HCI: Would most large health systems have access to the same types and quality of data that your team working on this research project did in order to create something similar?

Vest: We try to draw on things that health systems have. Now, there are always variations between health systems. I think the biggest concern that we come across is what we discussed earlier — that the data is not the same for everybody right now. Clearly, large integrated systems are going to have a bigger reach and be able to catch instances of care in other locations outside their own facility. If you've got a stand-alone single hospital with no connections to primary care practices, their data is going to be much more sparse, and you would be building different models or trying to think about the data in different ways.

HCI: Are you doing some follow-on research from this work? 

Vest: We are building that decision support step we talked about.
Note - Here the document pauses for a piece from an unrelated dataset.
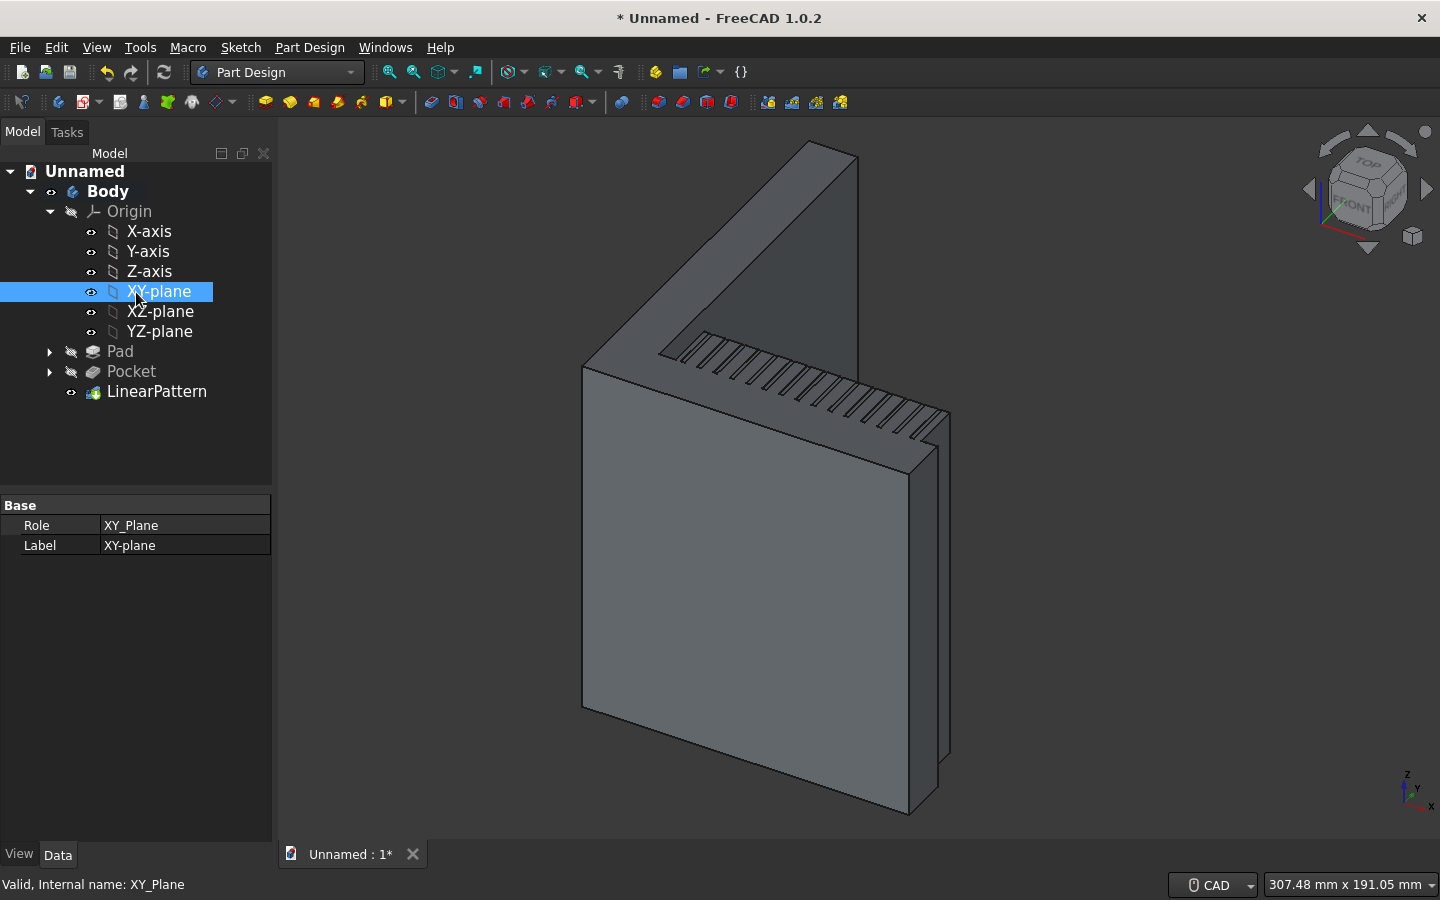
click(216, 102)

We are getting ready to roll out a trial where we have built models that indicate whether a person is at risk for each of these social conditions, and we have built them into our existing health information exchange platform that is accessible to providers in the ED, so it's integrated into an existing decision support platform — it is almost like one extra chief complaint, if you will, to help ED providers identify what kind of challenges are going on. We plan to roll that trial out this spring at IU Health. 

HCI: You said this is being built into the state’s HIE platform. Does that mean that people could eventually use it at other hospitals around the state? 

Vest: Yes, we're building it into the HIE platform so it could be accessible to other individuals or other settings.